# Directions for this task:
Word for word, retype the entire listing.

# Input data:
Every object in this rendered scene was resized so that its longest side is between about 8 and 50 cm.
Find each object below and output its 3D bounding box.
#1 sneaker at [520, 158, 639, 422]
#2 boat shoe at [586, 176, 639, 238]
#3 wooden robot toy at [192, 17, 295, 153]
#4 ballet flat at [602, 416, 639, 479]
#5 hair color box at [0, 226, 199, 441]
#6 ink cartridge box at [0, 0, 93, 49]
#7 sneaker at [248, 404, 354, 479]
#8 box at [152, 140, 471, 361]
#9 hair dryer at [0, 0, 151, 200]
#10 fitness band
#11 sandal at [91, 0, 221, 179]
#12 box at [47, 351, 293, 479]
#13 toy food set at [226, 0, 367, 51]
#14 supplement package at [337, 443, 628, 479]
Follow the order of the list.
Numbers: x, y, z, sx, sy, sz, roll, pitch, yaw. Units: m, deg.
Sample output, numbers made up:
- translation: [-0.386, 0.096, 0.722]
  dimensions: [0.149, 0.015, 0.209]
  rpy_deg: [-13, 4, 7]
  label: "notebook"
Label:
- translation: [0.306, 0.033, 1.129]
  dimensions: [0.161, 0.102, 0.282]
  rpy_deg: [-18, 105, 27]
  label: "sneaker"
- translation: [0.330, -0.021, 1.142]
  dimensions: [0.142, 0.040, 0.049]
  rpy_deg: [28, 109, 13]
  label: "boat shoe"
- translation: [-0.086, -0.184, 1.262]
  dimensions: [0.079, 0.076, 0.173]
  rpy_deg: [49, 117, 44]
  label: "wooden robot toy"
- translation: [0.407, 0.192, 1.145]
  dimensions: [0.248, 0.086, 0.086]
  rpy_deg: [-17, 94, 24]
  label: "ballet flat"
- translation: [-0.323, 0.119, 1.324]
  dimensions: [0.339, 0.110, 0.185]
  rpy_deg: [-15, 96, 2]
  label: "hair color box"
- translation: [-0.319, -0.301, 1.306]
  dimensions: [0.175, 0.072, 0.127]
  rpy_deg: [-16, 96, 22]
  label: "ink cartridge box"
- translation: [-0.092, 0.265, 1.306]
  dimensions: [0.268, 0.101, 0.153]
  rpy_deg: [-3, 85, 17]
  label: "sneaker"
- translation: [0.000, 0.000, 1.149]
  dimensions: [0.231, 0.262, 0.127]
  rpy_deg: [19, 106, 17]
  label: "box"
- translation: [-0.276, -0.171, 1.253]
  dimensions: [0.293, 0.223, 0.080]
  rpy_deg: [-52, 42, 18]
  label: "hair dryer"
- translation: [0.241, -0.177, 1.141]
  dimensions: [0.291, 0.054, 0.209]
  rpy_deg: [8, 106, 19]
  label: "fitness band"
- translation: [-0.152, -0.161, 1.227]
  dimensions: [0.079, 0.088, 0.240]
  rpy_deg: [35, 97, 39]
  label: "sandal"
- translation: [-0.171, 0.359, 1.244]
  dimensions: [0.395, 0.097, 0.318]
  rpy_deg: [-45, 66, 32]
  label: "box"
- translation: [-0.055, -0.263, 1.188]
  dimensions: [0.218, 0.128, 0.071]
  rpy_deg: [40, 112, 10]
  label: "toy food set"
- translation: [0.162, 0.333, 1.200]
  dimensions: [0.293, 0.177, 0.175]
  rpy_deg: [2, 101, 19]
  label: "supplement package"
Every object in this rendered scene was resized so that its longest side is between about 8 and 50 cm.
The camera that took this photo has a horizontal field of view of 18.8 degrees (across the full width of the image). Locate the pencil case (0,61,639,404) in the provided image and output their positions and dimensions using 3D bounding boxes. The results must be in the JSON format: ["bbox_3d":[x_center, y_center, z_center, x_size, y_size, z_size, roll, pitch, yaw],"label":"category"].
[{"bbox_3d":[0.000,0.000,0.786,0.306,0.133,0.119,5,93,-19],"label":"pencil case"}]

# Answer space:
Every object in this rendered scene was resized so that its longest side is between about 8 and 50 cm.
Find each object below and output its 3D bounding box.
#1 sneaker at [520, 158, 639, 422]
#2 boat shoe at [586, 176, 639, 238]
#3 wooden robot toy at [192, 17, 295, 153]
#4 ballet flat at [602, 416, 639, 479]
#5 hair color box at [0, 226, 199, 441]
#6 ink cartridge box at [0, 0, 93, 49]
#7 sneaker at [248, 404, 354, 479]
#8 box at [152, 140, 471, 361]
#9 hair dryer at [0, 0, 151, 200]
#10 fitness band
#11 sandal at [91, 0, 221, 179]
#12 box at [47, 351, 293, 479]
#13 toy food set at [226, 0, 367, 51]
#14 supplement package at [337, 443, 628, 479]
Follow the order of the list.
Numbers: x, y, z, sx, sy, sz, roll, pitch, yaw. Units: m, deg.
Sample output, numbers made up:
- translation: [-0.386, 0.096, 0.722]
  dimensions: [0.149, 0.015, 0.209]
  rpy_deg: [-13, 4, 7]
  label: "notebook"
Label:
- translation: [0.306, 0.033, 1.129]
  dimensions: [0.161, 0.102, 0.282]
  rpy_deg: [-18, 105, 27]
  label: "sneaker"
- translation: [0.330, -0.021, 1.142]
  dimensions: [0.142, 0.040, 0.049]
  rpy_deg: [28, 109, 13]
  label: "boat shoe"
- translation: [-0.086, -0.184, 1.262]
  dimensions: [0.079, 0.076, 0.173]
  rpy_deg: [49, 117, 44]
  label: "wooden robot toy"
- translation: [0.407, 0.192, 1.145]
  dimensions: [0.248, 0.086, 0.086]
  rpy_deg: [-17, 94, 24]
  label: "ballet flat"
- translation: [-0.323, 0.119, 1.324]
  dimensions: [0.339, 0.110, 0.185]
  rpy_deg: [-15, 96, 2]
  label: "hair color box"
- translation: [-0.319, -0.301, 1.306]
  dimensions: [0.175, 0.072, 0.127]
  rpy_deg: [-16, 96, 22]
  label: "ink cartridge box"
- translation: [-0.092, 0.265, 1.306]
  dimensions: [0.268, 0.101, 0.153]
  rpy_deg: [-3, 85, 17]
  label: "sneaker"
- translation: [0.000, 0.000, 1.149]
  dimensions: [0.231, 0.262, 0.127]
  rpy_deg: [19, 106, 17]
  label: "box"
- translation: [-0.276, -0.171, 1.253]
  dimensions: [0.293, 0.223, 0.080]
  rpy_deg: [-52, 42, 18]
  label: "hair dryer"
- translation: [0.241, -0.177, 1.141]
  dimensions: [0.291, 0.054, 0.209]
  rpy_deg: [8, 106, 19]
  label: "fitness band"
- translation: [-0.152, -0.161, 1.227]
  dimensions: [0.079, 0.088, 0.240]
  rpy_deg: [35, 97, 39]
  label: "sandal"
- translation: [-0.171, 0.359, 1.244]
  dimensions: [0.395, 0.097, 0.318]
  rpy_deg: [-45, 66, 32]
  label: "box"
- translation: [-0.055, -0.263, 1.188]
  dimensions: [0.218, 0.128, 0.071]
  rpy_deg: [40, 112, 10]
  label: "toy food set"
- translation: [0.162, 0.333, 1.200]
  dimensions: [0.293, 0.177, 0.175]
  rpy_deg: [2, 101, 19]
  label: "supplement package"
Every object in this rendered scene was resized so that its longest side is between about 8 and 50 cm.
The camera that took this photo has a horizontal field of view of 18.8 degrees (across the full width of the image). Locate the pencil case (0,61,639,404) in the provided image and output their positions and dimensions using 3D bounding boxes. The results must be in the JSON format: ["bbox_3d":[x_center, y_center, z_center, x_size, y_size, z_size, roll, pitch, yaw],"label":"category"].
[{"bbox_3d":[0.000,0.000,0.786,0.306,0.133,0.119,5,93,-19],"label":"pencil case"}]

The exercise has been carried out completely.